The church of Hagia Eirene shared the fate of the famous church of Hagia Sophia. Besides, both stood within the same precincts, to the east of the Emperor s Sacred Palace, and were in effect separated by the building of the benevolent institution known as Hospice of Samsom The "narrative" of the construction of Hagia Sophia mentions that Bishop Nectarius (381-397) was forced to transfer his see to Hagia Eirene and stay there, when in 397 the Arians burned the roof of Hagia Sophia. Before long, in September 404, the angry mob of Christians protesting against the second banishment of John Chrysostom burned the whole building to the ground. Until 415, when Hagia Sophia was rebuilt, Hagia Eirene was the see of the Bishop of Constantinople.

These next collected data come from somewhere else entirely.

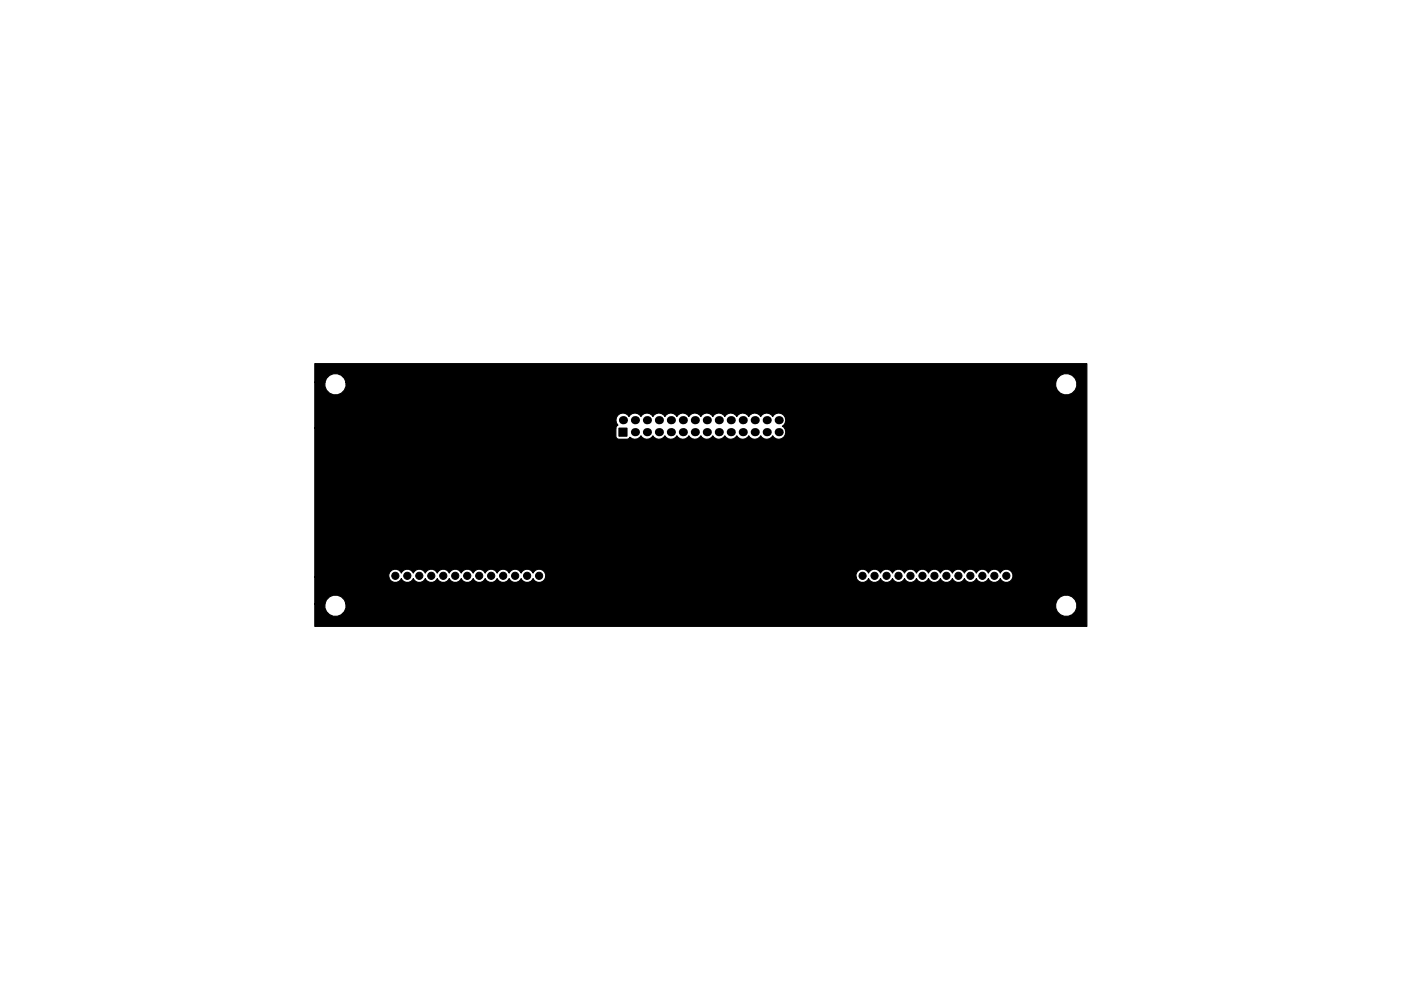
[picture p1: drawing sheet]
<svg xmlns="http://www.w3.org/2000/svg" width="297mm" height="210mm" viewBox="0 0 297 210" stroke-linecap="round" stroke-linejoin="round" font-family="sans-serif">
<g fill="#000" stroke="#000" stroke-width=".21">
<path d="M131.2 90.8h1.7v1.8h-1.7z"/>
<circle cx="83.8" cy="122.2" r=".76"/>
<circle cx="86.4" cy="122.2" r=".76"/>
<circle cx="88.9" cy="122.2" r=".76"/>
<circle cx="91.4" cy="122.2" r=".76"/>
<circle cx="94" cy="122.2" r=".76"/>
<circle cx="96.5" cy="122.2" r=".76"/>
<circle cx="99.1" cy="122.2" r=".76"/>
<circle cx="101.6" cy="122.2" r=".76"/>
<circle cx="104.1" cy="122.2" r=".76"/>
<circle cx="106.7" cy="122.2" r=".76"/>
<circle cx="109.2" cy="122.2" r=".76"/>
<circle cx="111.8" cy="122.2" r=".76"/>
<circle cx="114.3" cy="122.2" r=".76"/>
<circle cx="182.9" cy="122.2" r=".76"/>
<circle cx="185.4" cy="122.2" r=".76"/>
<circle cx="188" cy="122.2" r=".76"/>
<circle cx="190.5" cy="122.2" r=".76"/>
<circle cx="193" cy="122.2" r=".76"/>
<circle cx="195.6" cy="122.2" r=".76"/>
<circle cx="198.1" cy="122.2" r=".76"/>
<circle cx="200.7" cy="122.2" r=".76"/>
<circle cx="203.2" cy="122.2" r=".76"/>
<circle cx="205.7" cy="122.2" r=".76"/>
<circle cx="208.3" cy="122.2" r=".76"/>
<circle cx="210.8" cy="122.2" r=".76"/>
<circle cx="213.4" cy="122.2" r=".76"/>
</g>
<g fill="#000">
<circle cx="132.1" cy="89.1" r=".86"/>
<circle cx="134.6" cy="91.7" r=".86"/>
<circle cx="134.6" cy="89.1" r=".86"/>
<circle cx="137.2" cy="91.7" r=".86"/>
<circle cx="137.2" cy="89.1" r=".86"/>
<circle cx="139.7" cy="91.7" r=".86"/>
<circle cx="139.7" cy="89.1" r=".86"/>
<circle cx="142.2" cy="91.7" r=".86"/>
<circle cx="142.2" cy="89.1" r=".86"/>
<circle cx="144.8" cy="89.1" r=".86"/>
<circle cx="144.8" cy="91.7" r=".86"/>
<circle cx="147.3" cy="89.1" r=".86"/>
<circle cx="147.3" cy="91.7" r=".86"/>
<circle cx="149.9" cy="91.7" r=".86"/>
<circle cx="149.9" cy="89.1" r=".86"/>
<circle cx="152.4" cy="91.7" r=".86"/>
<circle cx="152.4" cy="89.1" r=".86"/>
<circle cx="154.9" cy="91.7" r=".86"/>
<circle cx="154.9" cy="89.1" r=".86"/>
<circle cx="157.5" cy="91.7" r=".86"/>
<circle cx="157.5" cy="89.1" r=".86"/>
<circle cx="160" cy="91.7" r=".86"/>
<circle cx="160" cy="89.1" r=".86"/>
<circle cx="162.6" cy="91.7" r=".86"/>
<circle cx="162.6" cy="89.1" r=".86"/>
<circle cx="165.1" cy="91.7" r=".86"/>
<circle cx="165.1" cy="89.1" r=".86"/>
</g>
<path d="M66.7 77.2h163.7v55.7h-163.7v-4.8h2.2v.9l.3 .8 .7 .6a2.29 2.29 0 0 0 1.7 .3 2.34 2.34 0 0 0 1.4-.9 2.23 2.23 0 0 0 .4-1.7h150.4v.9l.3 .8 .7 .6a2.29 2.29 0 0 0 1.7 .3 2.34 2.34 0 0 0 1.5-.9 2.32 2.32 0 0 0 .3-1.8 2.34 2.34 0 0 0-1-1.4 2.32 2.32 0 0 0-1.7-.3 2.34 2.34 0 0 0-1.4 1l-.4 .8-150.5-.1a2.34 2.34 0 0 0-.9-1.4 2.32 2.32 0 0 0-1.8-.3 2.34 2.34 0 0 0-1.4 1l-.3 .8h-2.2v-5.7h15.7l.2 .6a1.4 1.4 0 0 0 2.5-.2 1.38 1.38 0 0 0 1.3 .8 1.38 1.38 0 0 0 1.2-.8 1.38 1.38 0 0 0 1.3 .8 1.38 1.38 0 0 0 1.3-.8 1.38 1.38 0 0 0 1.2 .8 1.38 1.38 0 0 0 1.3-.8 1.38 1.38 0 0 0 1.3 .8 1.38 1.38 0 0 0 1.2-.8 1.38 1.38 0 0 0 1.3 .8 1.38 1.38 0 0 0 1.3-.8 1.38 1.38 0 0 0 1.3 .8 1.38 1.38 0 0 0 1.2-.8 1.38 1.38 0 0 0 1.3 .8 1.38 1.38 0 0 0 1.3-.8 1.38 1.38 0 0 0 1.2 .8 1.38 1.38 0 0 0 1.3-.8 1.38 1.38 0 0 0 1.3 .8 1.38 1.38 0 0 0 1.2-.8 1.38 1.38 0 0 0 1.3 .8 1.38 1.38 0 0 0 1.3-.8 1.38 1.38 0 0 0 1.3 .8 1.38 1.38 0 0 0 1.2-.8 1.41 1.41 0 0 0 1.5 .8 1.41 1.41 0 0 0 1.2-1.2h65.8l.2 .6a1.4 1.4 0 0 0 2.4-.2 1.38 1.38 0 0 0 1.3 .8 1.38 1.38 0 0 0 1.3-.8 1.38 1.38 0 0 0 1.3 .8 1.38 1.38 0 0 0 1.2-.8 1.38 1.38 0 0 0 1.3 .8 1.38 1.38 0 0 0 1.3-.8 1.38 1.38 0 0 0 1.2 .8 1.38 1.38 0 0 0 1.3-.8 1.38 1.38 0 0 0 1.3 .8 1.38 1.38 0 0 0 1.2-.8 1.38 1.38 0 0 0 1.3 .8 1.38 1.38 0 0 0 1.3-.8 1.38 1.38 0 0 0 1.3 .8 1.38 1.38 0 0 0 1.2-.8 1.38 1.38 0 0 0 1.3 .8 1.38 1.38 0 0 0 1.3-.8 1.38 1.38 0 0 0 1.2 .8 1.38 1.38 0 0 0 1.3-.8 1.38 1.38 0 0 0 1.3 .8 1.38 1.38 0 0 0 1.2-.8 1.38 1.38 0 0 0 1.3 .8 1.38 1.38 0 0 0 1.3-.8 1.41 1.41 0 0 0 2.1 .5 1.41 1.41 0 0 0 0-2.2 1.41 1.41 0 0 0-2.1 .5 1.38 1.38 0 0 0-1.3-.9 1.38 1.38 0 0 0-1.3 .9 1.38 1.38 0 0 0-1.2-.9 1.38 1.38 0 0 0-1.3 .9 1.38 1.38 0 0 0-1.3-.9 1.38 1.38 0 0 0-1.2 .9 1.38 1.38 0 0 0-1.3-.9 1.38 1.38 0 0 0-1.3 .9 1.38 1.38 0 0 0-1.2-.9 1.38 1.38 0 0 0-1.3 .9 1.38 1.38 0 0 0-1.3-.9 1.38 1.38 0 0 0-1.3 .9 1.38 1.38 0 0 0-1.2-.9 1.38 1.38 0 0 0-1.3 .9 1.38 1.38 0 0 0-1.3-.9 1.38 1.38 0 0 0-1.2 .9 1.38 1.38 0 0 0-1.3-.9 1.38 1.38 0 0 0-1.3 .9 1.38 1.38 0 0 0-1.2-.9 1.38 1.38 0 0 0-1.3 .9 1.38 1.38 0 0 0-1.3-.9 1.38 1.38 0 0 0-1.3 .9 1.41 1.41 0 0 0-1.7-.8 1.41 1.41 0 0 0-.9 1.6h-65.8v-.5a1.41 1.41 0 0 0-1.2-1.1 1.41 1.41 0 0 0-1.5 .8 1.38 1.38 0 0 0-1.2-.9 1.38 1.38 0 0 0-1.3 .9 1.38 1.38 0 0 0-1.3-.9 1.38 1.38 0 0 0-1.3 .9 1.38 1.38 0 0 0-1.2-.9 1.38 1.38 0 0 0-1.3 .9 1.38 1.38 0 0 0-1.3-.9 1.38 1.38 0 0 0-1.2 .9 1.38 1.38 0 0 0-1.3-.9 1.38 1.38 0 0 0-1.3 .9 1.38 1.38 0 0 0-1.2-.9 1.38 1.38 0 0 0-1.3 .9 1.38 1.38 0 0 0-1.3-.9 1.38 1.38 0 0 0-1.3 .9 1.38 1.38 0 0 0-1.2-.9 1.38 1.38 0 0 0-1.3 .9 1.38 1.38 0 0 0-1.3-.9 1.38 1.38 0 0 0-1.2 .9 1.38 1.38 0 0 0-1.3-.9 1.38 1.38 0 0 0-1.3 .9 1.38 1.38 0 0 0-1.2-.9 1.38 1.38 0 0 0-1.3 .9 1.41 1.41 0 0 0-1.7-.8 1.41 1.41 0 0 0-1 1.6h-15.7v-31.6h63.9v1.8a.65 .65 0 0 0 .6 .6h1.7l.7-.4a1.47 1.47 0 0 0 2.3-.3 1.45 1.45 0 0 0 2.5 0 1.45 1.45 0 0 0 2.6 0 1.45 1.45 0 0 0 2.5 0 1.45 1.45 0 0 0 2.5 0 1.45 1.45 0 0 0 2.6 0 1.45 1.45 0 0 0 2.5 0 1.45 1.45 0 0 0 2.6 0 1.45 1.45 0 0 0 2.5 0 1.45 1.45 0 0 0 2.5 0 1.45 1.45 0 0 0 2.6 0 1.45 1.45 0 0 0 2.5 0 1.5 1.5 0 0 0 2.4 .3 1.5 1.5 0 0 0-.3-2.4 1.49 1.49 0 0 0 .3-2.3 1.49 1.49 0 0 0-2.4 .3 1.45 1.45 0 0 0-2.5 0 1.45 1.45 0 0 0-2.6 0 1.45 1.45 0 0 0-2.5 0 1.45 1.45 0 0 0-2.5 0 1.45 1.45 0 0 0-2.6 0 1.45 1.45 0 0 0-2.5 0 1.45 1.45 0 0 0-2.6 0 1.45 1.45 0 0 0-2.5 0 1.45 1.45 0 0 0-2.5 0 1.45 1.45 0 0 0-2.6 0 1.45 1.45 0 0 0-2.5 0 1.45 1.45 0 0 0-2.6 0 1.5 1.5 0 0 0-2.2-.4 1.5 1.5 0 0 0-.1 2.2l-.2 .2-.2 .4h-63.9v-9.7h2.2v.9l.3 .8 .7 .6a2.29 2.29 0 0 0 1.7 .4 2.34 2.34 0 0 0 1.4-1 2.23 2.23 0 0 0 .4-1.7h150.4v.9l.3 .8 .7 .6a2.29 2.29 0 0 0 1.7 .4 2.34 2.34 0 0 0 1.5-1 2.32 2.32 0 0 0 .3-1.8 2.34 2.34 0 0 0-1-1.4 2.32 2.32 0 0 0-1.7-.3 2.34 2.34 0 0 0-1.4 1l-.4 .8-150.5-.1a2.34 2.34 0 0 0-.9-1.4 2.32 2.32 0 0 0-1.8-.3 2.34 2.34 0 0 0-1.4 1l-.3 .8h-2.2z" fill="#000" stroke="#000" stroke-width=".25"/>
</svg>

Gutted by fire during the Nika revolt, the church of Hagia Eirene was rebuilt by Justinian. Its size was such that, as recorded by the historian Procopius, Constantinople had no churches larger than the Hagia Eirene and the Hagia Sophia. In 564 a new fire destroyed the atrium and the narthex, which were immediately restored. In 738 the church was severely damaged by an earth-quake and restored. In 867 the Patriarch Ignatius convoked in this church a council against his opponent Photius. It is also known that the Ecumenical Patriarch officiated here except on the occasion of great celebrations and ceremonies attended by the Emperor, when he conducted the Liturgy at Hagia Sophia. Hence, most of the chroniclers and historians of the time refer to Hagia Eirene as "the Patriarchate".
The church of Hagia Eirene was never converted into a mosque. Since, however, it stood within the enclosure of the Saray and next to the barracks of the Janissaries it served for a long time as an arsenal. In 1846 it became a Museum of Antiquities and in 1874 a Military Museum. In 1946 the collections of armaments were removed and archaeological excavations were begun. Remains of two ancient temples, dedicated to Apollo and Aphrodite, have been discovered within and around the church.
In its present condition the monument is assignable to the age of Justinian. In fact, the column capitals have preserved the monograms of Justinian and Theodora. The plan is that of a basilica with dome, i.e. of the well-known transitional type after the model of Hagia Sophia.

The synthronon has survived along the semicircular wall of the apse. The atrium was drastically altered at times, but its basic lay-out is that of the 8th century. To the west there are some Turkish constructions. The decorations of later date on the exterior of the north entrance and an idyllic 19th century scenery painted in the narthex are also Turkish .
Scant remains of wall mosaics are visible at places, particularly on the triumphal arch. while the far end of the diakonikon has preserved a wall painting of two saints with ruined faces.
On the half-dome of the apse, the clear outline of a large cross on a three-stepped base has survived from the Iconoclast period. Two inscriptions with verses from the Psalms of David on the triumphal arch are probably of the 6th century.